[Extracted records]
++++++

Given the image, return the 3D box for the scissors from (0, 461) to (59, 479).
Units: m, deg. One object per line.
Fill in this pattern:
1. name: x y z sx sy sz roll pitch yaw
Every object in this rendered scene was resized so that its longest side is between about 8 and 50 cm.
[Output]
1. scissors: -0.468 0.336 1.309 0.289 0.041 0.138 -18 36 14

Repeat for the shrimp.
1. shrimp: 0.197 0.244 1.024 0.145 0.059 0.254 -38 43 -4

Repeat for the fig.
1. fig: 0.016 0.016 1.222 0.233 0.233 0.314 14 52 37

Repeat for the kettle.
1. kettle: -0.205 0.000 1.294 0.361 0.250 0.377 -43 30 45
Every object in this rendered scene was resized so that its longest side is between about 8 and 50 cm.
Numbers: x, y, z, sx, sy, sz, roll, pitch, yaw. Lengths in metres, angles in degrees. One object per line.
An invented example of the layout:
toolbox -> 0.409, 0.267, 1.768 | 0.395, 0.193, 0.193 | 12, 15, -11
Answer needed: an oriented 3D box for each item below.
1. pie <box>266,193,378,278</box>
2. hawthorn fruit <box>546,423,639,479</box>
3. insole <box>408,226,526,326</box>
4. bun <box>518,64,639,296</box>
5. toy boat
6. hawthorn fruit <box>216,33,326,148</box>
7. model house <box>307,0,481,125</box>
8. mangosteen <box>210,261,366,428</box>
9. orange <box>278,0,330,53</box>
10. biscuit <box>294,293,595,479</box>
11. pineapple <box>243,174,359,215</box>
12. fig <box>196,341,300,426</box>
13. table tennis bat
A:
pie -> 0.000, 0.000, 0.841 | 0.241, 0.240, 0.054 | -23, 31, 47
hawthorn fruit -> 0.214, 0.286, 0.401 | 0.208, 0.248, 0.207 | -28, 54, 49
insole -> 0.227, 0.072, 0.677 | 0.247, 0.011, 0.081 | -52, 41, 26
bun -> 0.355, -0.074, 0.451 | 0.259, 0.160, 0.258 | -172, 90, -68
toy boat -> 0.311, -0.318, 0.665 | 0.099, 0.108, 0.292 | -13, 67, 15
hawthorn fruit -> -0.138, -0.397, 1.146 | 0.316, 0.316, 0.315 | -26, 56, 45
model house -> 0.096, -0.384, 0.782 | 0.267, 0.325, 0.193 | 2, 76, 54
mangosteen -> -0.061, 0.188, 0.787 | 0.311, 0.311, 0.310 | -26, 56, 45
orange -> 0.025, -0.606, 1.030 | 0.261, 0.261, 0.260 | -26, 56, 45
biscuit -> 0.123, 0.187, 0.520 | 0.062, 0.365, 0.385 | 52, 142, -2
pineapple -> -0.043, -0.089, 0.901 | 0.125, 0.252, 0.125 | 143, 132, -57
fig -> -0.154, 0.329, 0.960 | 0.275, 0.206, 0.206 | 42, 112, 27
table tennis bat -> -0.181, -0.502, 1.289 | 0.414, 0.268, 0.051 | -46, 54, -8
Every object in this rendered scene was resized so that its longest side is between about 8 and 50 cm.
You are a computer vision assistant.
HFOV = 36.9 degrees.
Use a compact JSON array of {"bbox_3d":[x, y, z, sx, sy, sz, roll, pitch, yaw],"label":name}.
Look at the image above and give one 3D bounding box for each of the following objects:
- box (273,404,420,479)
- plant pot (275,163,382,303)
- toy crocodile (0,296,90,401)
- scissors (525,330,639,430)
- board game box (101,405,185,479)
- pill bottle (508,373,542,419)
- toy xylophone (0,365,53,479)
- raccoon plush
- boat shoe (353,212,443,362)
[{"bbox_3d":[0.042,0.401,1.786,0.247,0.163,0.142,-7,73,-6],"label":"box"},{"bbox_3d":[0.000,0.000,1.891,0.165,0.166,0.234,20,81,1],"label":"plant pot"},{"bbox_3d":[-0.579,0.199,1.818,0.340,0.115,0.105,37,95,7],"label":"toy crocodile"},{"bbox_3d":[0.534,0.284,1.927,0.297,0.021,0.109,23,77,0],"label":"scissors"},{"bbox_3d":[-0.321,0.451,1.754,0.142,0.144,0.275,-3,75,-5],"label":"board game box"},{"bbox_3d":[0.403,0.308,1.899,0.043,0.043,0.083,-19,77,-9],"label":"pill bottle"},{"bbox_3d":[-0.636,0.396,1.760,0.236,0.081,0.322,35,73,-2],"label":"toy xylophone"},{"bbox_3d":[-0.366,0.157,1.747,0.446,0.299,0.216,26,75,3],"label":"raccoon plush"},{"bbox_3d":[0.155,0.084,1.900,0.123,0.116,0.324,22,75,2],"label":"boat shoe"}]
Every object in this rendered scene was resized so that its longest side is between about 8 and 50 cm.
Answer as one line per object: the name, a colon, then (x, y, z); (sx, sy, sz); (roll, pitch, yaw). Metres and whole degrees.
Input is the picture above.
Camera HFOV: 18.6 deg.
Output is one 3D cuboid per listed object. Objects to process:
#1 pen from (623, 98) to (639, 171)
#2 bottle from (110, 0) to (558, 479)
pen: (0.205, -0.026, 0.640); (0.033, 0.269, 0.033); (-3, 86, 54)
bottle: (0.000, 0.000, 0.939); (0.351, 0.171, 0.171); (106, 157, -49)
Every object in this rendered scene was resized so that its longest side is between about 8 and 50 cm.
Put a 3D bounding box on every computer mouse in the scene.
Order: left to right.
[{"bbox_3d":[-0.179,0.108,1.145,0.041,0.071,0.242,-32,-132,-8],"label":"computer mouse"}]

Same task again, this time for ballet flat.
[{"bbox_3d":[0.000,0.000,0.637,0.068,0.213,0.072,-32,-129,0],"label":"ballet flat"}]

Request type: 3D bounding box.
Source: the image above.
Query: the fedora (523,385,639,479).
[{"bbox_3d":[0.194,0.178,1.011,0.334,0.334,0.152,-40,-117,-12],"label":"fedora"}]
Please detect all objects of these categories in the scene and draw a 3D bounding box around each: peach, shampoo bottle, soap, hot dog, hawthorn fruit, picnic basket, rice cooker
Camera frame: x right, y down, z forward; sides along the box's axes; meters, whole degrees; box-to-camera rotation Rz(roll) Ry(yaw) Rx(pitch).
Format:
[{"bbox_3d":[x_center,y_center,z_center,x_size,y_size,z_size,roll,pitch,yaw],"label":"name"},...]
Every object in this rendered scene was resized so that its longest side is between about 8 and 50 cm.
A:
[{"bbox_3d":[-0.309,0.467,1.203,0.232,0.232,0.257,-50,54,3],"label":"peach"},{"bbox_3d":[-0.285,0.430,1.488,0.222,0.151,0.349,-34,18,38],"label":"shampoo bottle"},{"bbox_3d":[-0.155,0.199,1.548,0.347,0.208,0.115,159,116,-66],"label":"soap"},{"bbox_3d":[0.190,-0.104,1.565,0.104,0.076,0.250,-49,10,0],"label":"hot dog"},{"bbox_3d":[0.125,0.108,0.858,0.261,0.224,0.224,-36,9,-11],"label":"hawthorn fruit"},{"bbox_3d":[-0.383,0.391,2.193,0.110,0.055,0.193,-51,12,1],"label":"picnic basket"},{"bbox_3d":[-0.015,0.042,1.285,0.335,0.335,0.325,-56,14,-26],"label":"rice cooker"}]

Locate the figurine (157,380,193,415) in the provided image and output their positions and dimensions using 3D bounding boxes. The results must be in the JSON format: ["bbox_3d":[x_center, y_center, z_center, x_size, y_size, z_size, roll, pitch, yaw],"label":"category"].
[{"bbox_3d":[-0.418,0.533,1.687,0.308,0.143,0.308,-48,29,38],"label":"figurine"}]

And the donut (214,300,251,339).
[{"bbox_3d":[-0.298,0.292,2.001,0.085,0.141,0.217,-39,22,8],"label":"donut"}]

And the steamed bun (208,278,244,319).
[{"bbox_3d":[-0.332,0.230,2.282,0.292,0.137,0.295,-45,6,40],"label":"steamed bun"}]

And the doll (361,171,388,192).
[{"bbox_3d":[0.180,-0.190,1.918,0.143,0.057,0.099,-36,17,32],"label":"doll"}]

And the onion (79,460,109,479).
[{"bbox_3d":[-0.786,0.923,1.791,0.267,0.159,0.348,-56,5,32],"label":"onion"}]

++++++

Problem requirements — Write out exactly the lines starting with the one that holds "And the donut (214,300,251,339)." and running through the last line above.

Exercise answer —
And the donut (214,300,251,339).
[{"bbox_3d":[-0.298,0.292,2.001,0.085,0.141,0.217,-39,22,8],"label":"donut"}]

And the steamed bun (208,278,244,319).
[{"bbox_3d":[-0.332,0.230,2.282,0.292,0.137,0.295,-45,6,40],"label":"steamed bun"}]

And the doll (361,171,388,192).
[{"bbox_3d":[0.180,-0.190,1.918,0.143,0.057,0.099,-36,17,32],"label":"doll"}]

And the onion (79,460,109,479).
[{"bbox_3d":[-0.786,0.923,1.791,0.267,0.159,0.348,-56,5,32],"label":"onion"}]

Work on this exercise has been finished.